Welke rol speelt de vloeistof in de pleuraholte? Help, alstublieft)))

Bespaar tijd en zie geen advertenties met Knowledge Plus

Bespaar tijd en zie geen advertenties met Knowledge Plus

Het antwoord

Het antwoord is gegeven

elzapik

Pleura De pleura is een dunne, gladde, sereuze membraan die rijk is aan elastische vezels die de longen bedekt. Er zijn twee soorten borstvlies, waarvan er één aan het weefsel van de longen is bevestigd en de andere aan de binnenkant de wanden van de borstholte bedekt.

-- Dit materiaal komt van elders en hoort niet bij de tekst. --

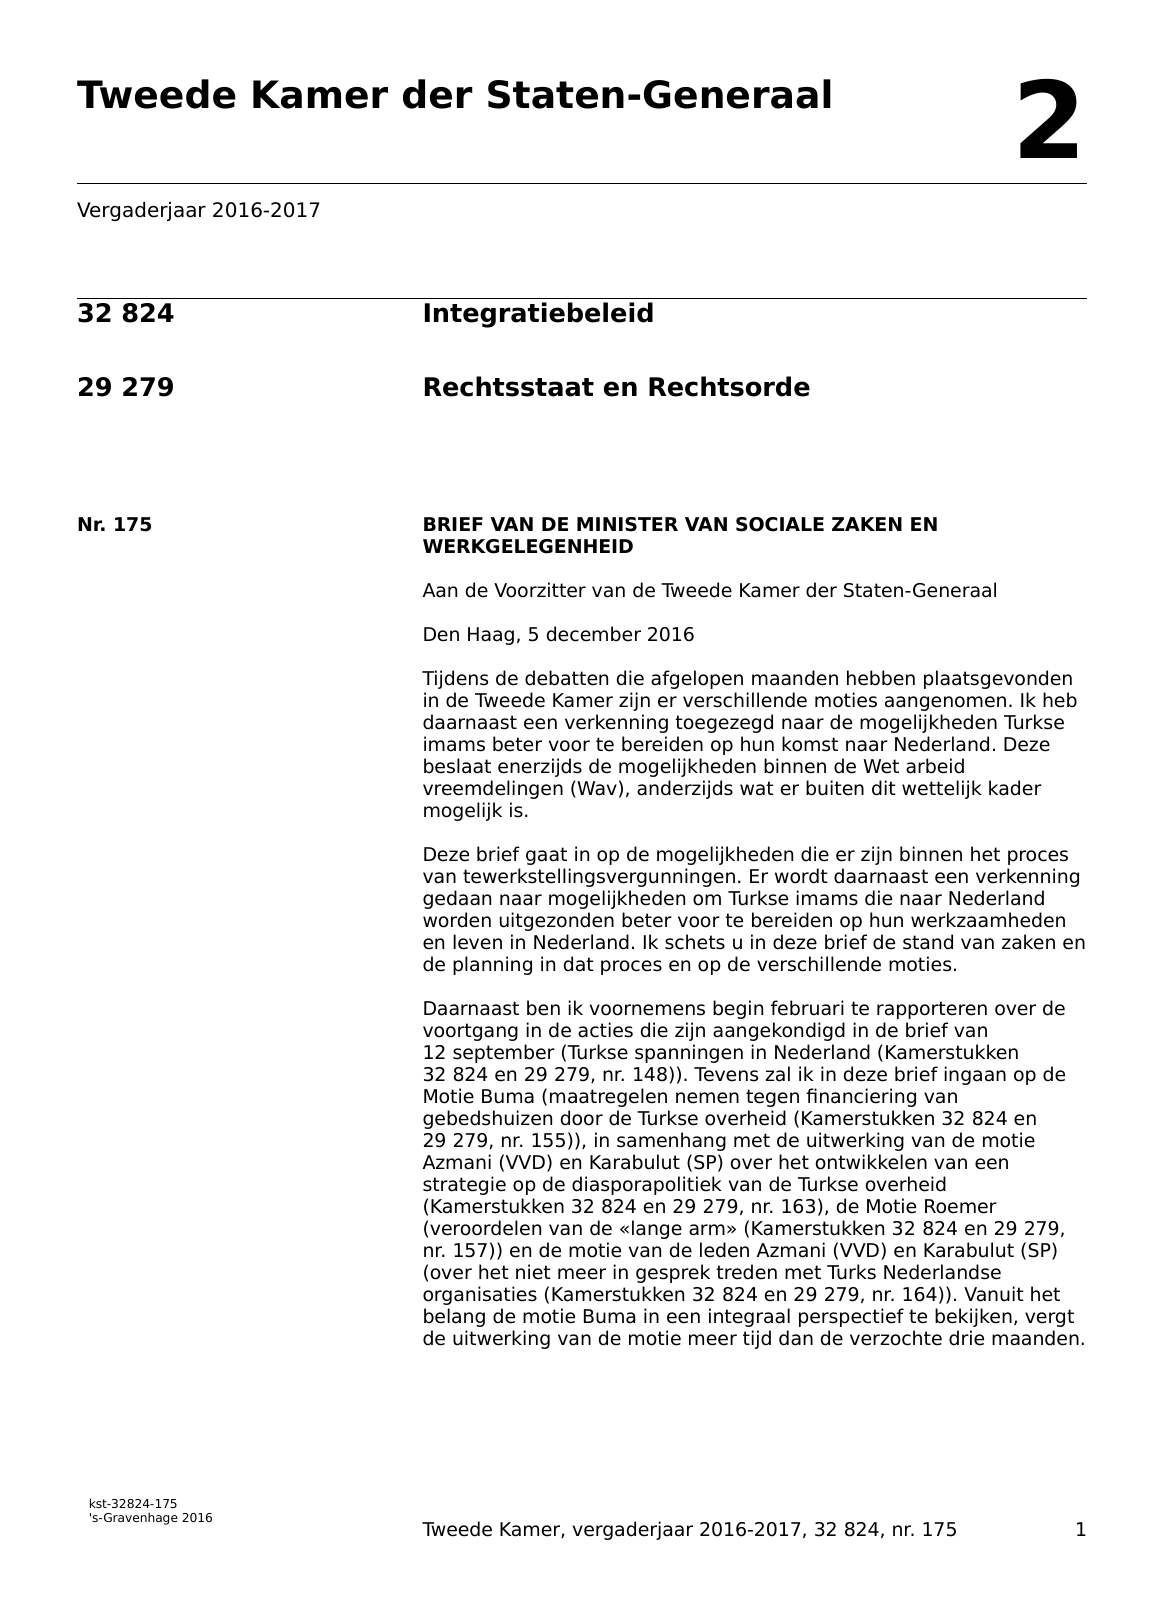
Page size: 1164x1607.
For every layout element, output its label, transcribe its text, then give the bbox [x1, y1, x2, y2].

In de borstholte bevinden zich drie volledig gescheiden sereuze zakken - één voor elke long en één, medium, voor het hart.
De viscerale pleura, of pulmonale pleura, pleura pulmonalis, bedekt de long zelf en smelt zo strak met de longsubstantie dat deze niet kan worden verwijderd zonder de integriteit van het weefsel te verstoren; het komt de voren van de long binnen en scheidt aldus de lobben van de long van elkaar. Aan de scherpe randen van de longen bevinden zich ville uitsteeksels van het borstvlies. De long van alle kanten omarmd, gaat het pulmonale borstvlies aan de wortel van de long direct door naar het pariëtale borstvlies. Langs de onderrand van de longwortel worden de sereuze bladen van de voorste en achterste oppervlakken van de wortel in één vouw samengevoegd, lig. pulmonale, dat verticaal naar beneden langs het binnenoppervlak van de long daalt en hecht aan het diafragma.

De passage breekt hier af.